Blue collars and coffee beans

Yes it is a jumbled title – but reflective of life as of late. Between my professional project, The Groundhog Day Meet Up at the Kitchener-Waterloo Art Gallery (more about that tomorrow) and keeping up with the amazing opportunities that friends are creating within our arts community, I am running low on words and energy! Here are a couple that I hope will steer you in the right direction during February.
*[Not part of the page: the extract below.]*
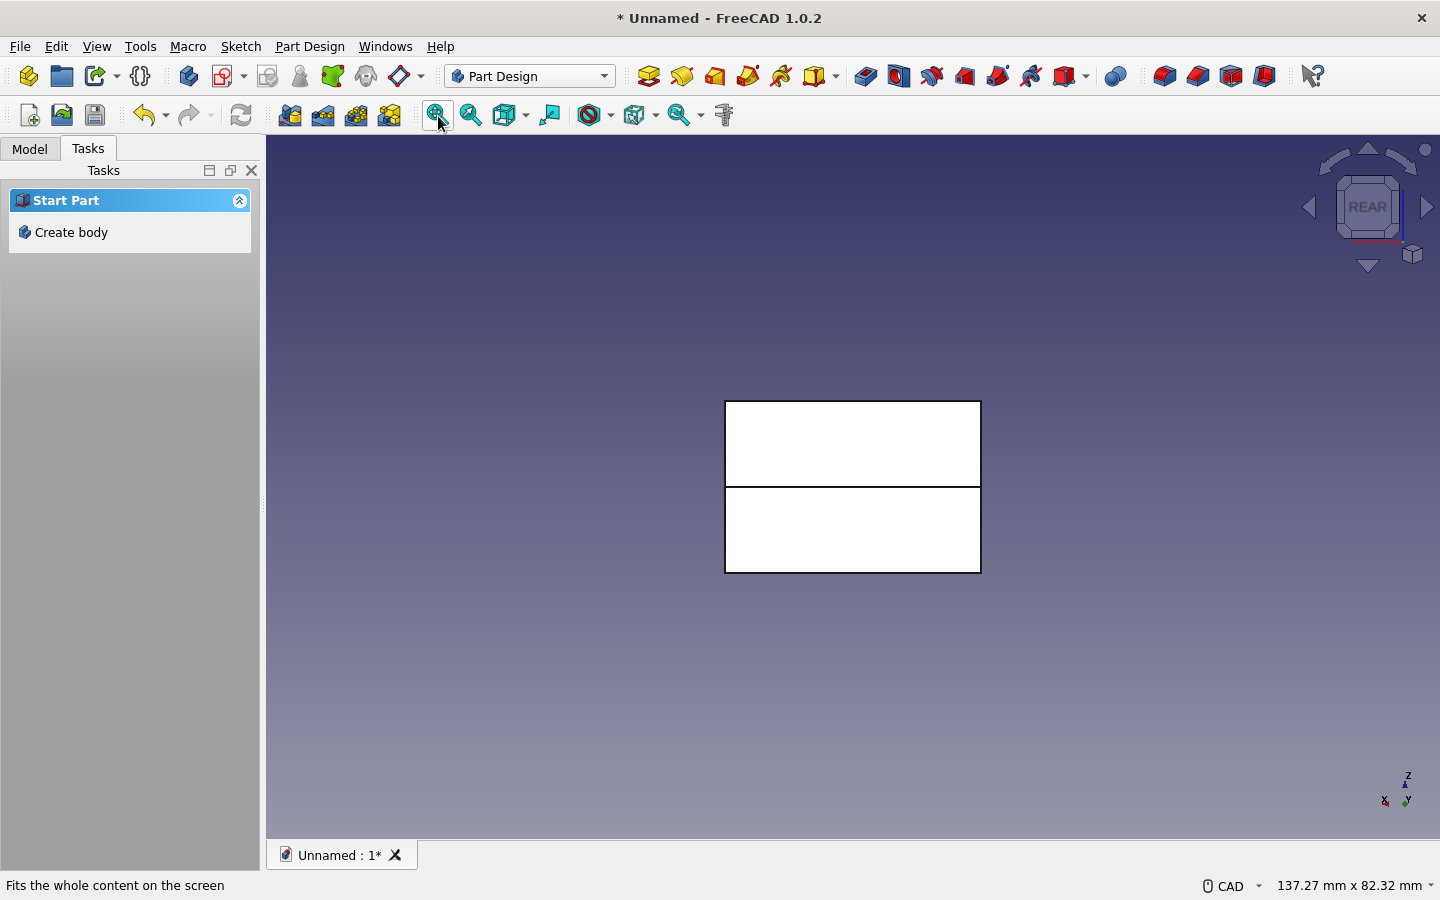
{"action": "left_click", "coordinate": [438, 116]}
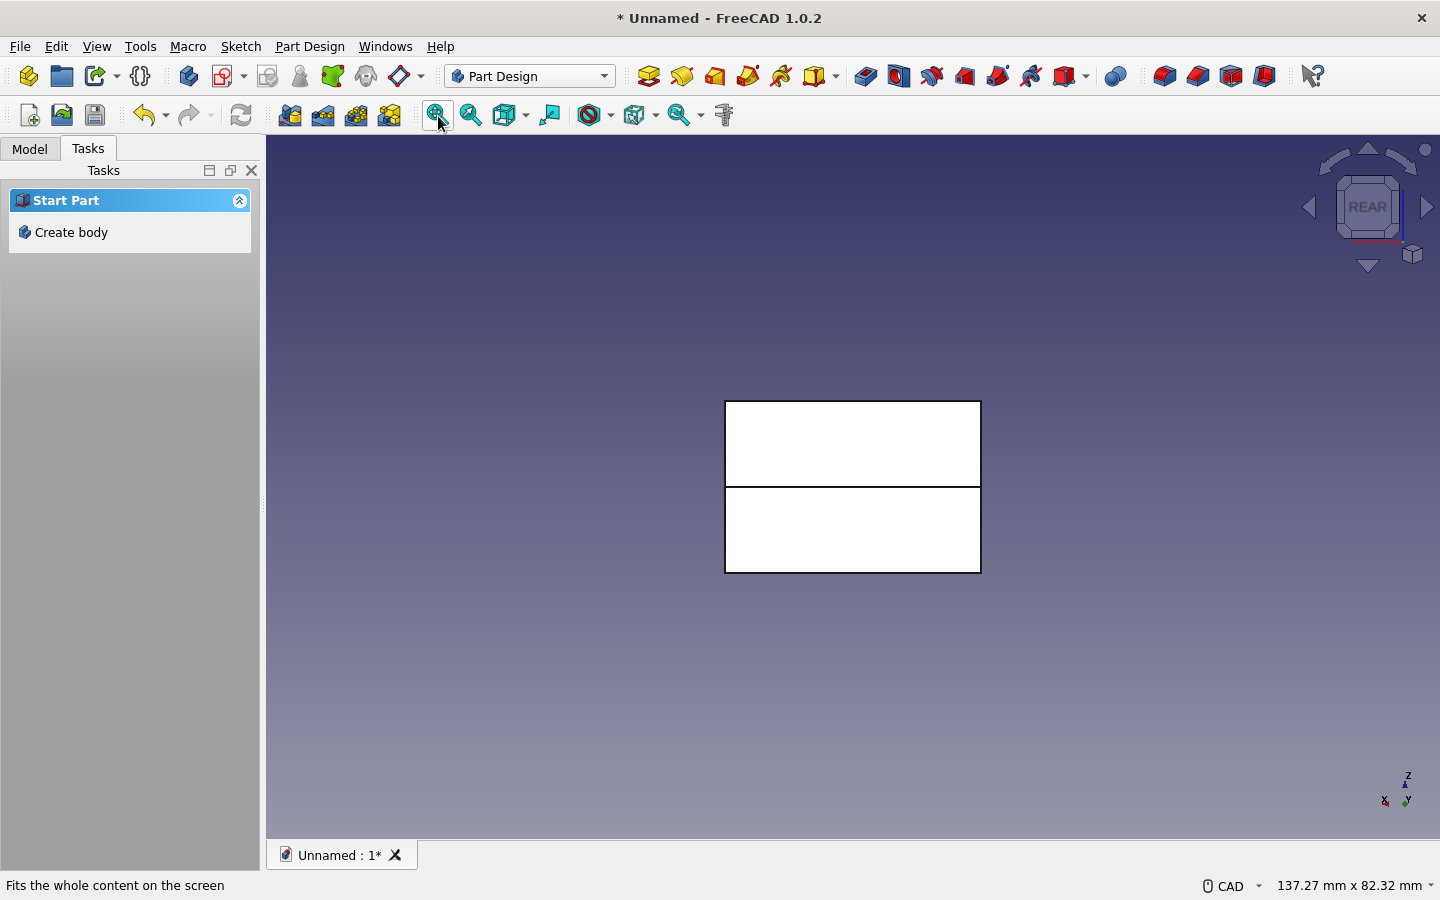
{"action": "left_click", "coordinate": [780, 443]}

Self Portrait by Jennifer Gough

Local artist  Jennifer Gough has opened a month long show at Kava Bean Commons “From the inside, Out”. I’m certainly an unabashed fan of her and her work  and recently helped celebrate her birthday at her Kitchener studio, which is evocative of a really cool martini lounge hung with great art. Anyone is welcome to visit the studio, just book with her in advance  – don’t forget your check book though, it is hard to walk out without something in hand. Of her current show Jennifer says:

” Most of my work is inspired by life experience and human emotion.  Taking those feelings and expressing them through art, I examine and depict a range of attributes and emotions that I think we all experience and strive to achieve.  The result I believe is a collection of pieces that people can relate to in their own lives and experiences.”
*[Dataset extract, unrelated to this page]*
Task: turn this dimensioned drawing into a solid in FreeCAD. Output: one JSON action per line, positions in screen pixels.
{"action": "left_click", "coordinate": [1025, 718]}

I always love to tell people that I’ve met almost everyone I know in Kitchener on Twitter, and Jennifer (@MindsEyeStudio) is no exception. Her social media involvement is a great example of local artists using Twitter, Facebook and blogs to really build themselves as a brand. “From the inside, Out, will culminate with a Gala Dinner on March 5th. Connect with Jennifer on Twitter or via her website for more information. BTW, Jennifer is also responsible for the great windows at THEMUSEUM  and she covers the Searching for Tom opening here.
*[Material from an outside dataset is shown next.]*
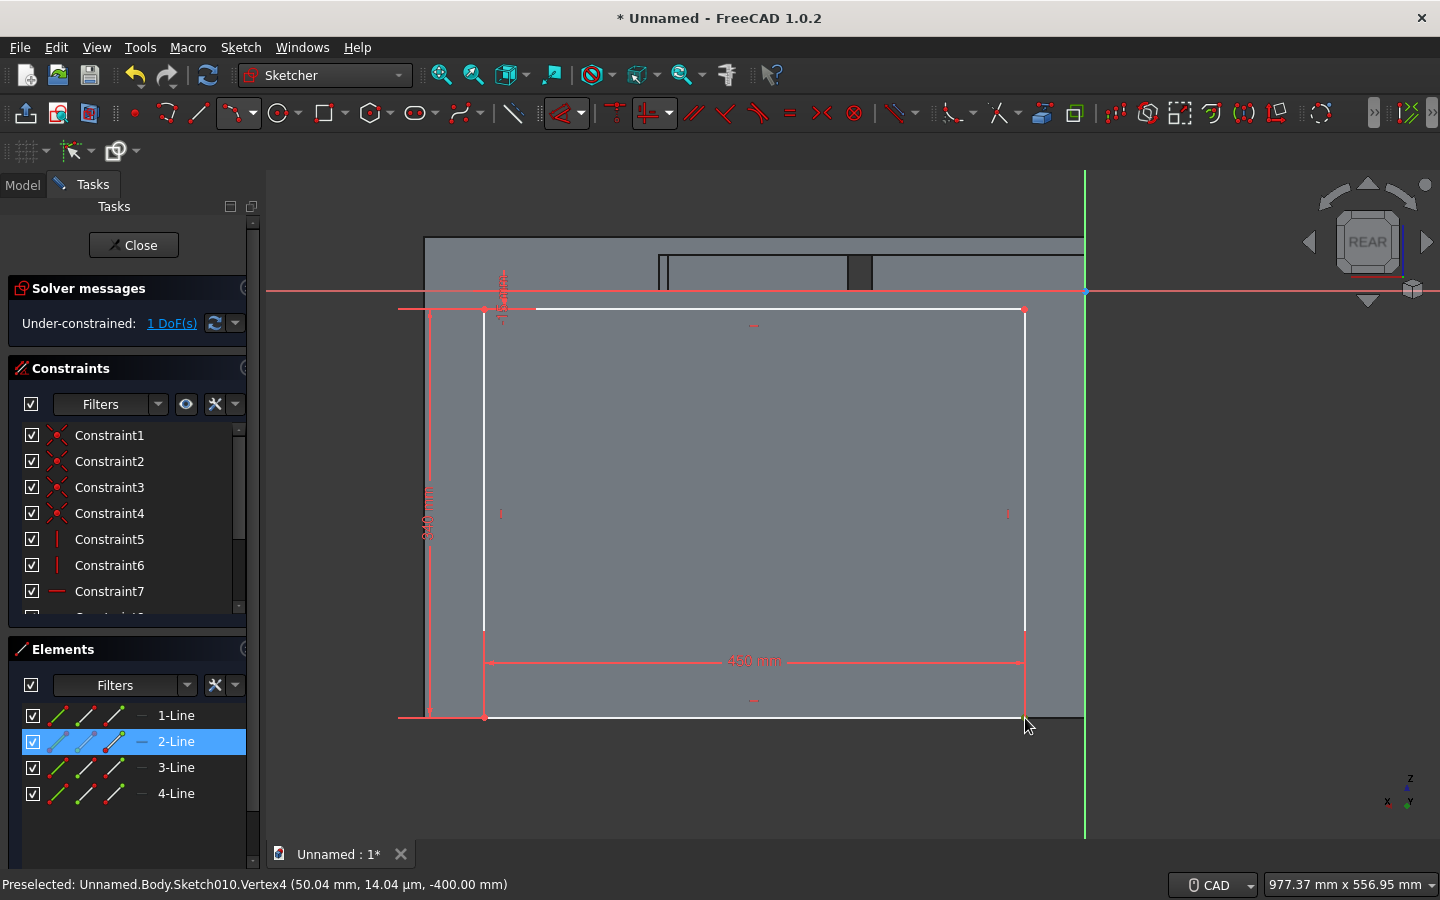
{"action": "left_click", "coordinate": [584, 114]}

So that covers the title “coffee beans,” how about the “blue collars”? Another highly anticipated show.

Late Nights and Blue Collar Mornings

Late Nights and Blue Collar Mornings Invite

I met David, aka Kosta, at one of Hilary Abel’s Cinq a Septs (@angrycelery). Local social media icon and super connector Lisa McDonald introduced us and I spend an enjoyable night talking to him about his work. His passion and energy really is contagious and I very much look forward to his show on Saturday, February 19 from 6:30pm – 11:30pm at 51 Borden Ave South in Kitchener. You can RSVP on his Facebook event page here. It think that David’s invite on the event page really says it all. He is a seriously cool guy.

“hey everyone,
i dont know about yourselves but in the depth of the winter i dont like to be outside for extended periods of time. so if you share the same, or perhaps you like art, or perhaps you hate art but like having a chill drink with friends you havent seen in a while, or perhaps you just like having a drink? either way this is an invitation to come check out what ive been working on in my top secret laboratory. i miss you all very much and hope to see you in the very near future. much love.
your boy kosta”

Yup so beans and collars with a dose of social media love thrown in. Sounds like a post to me.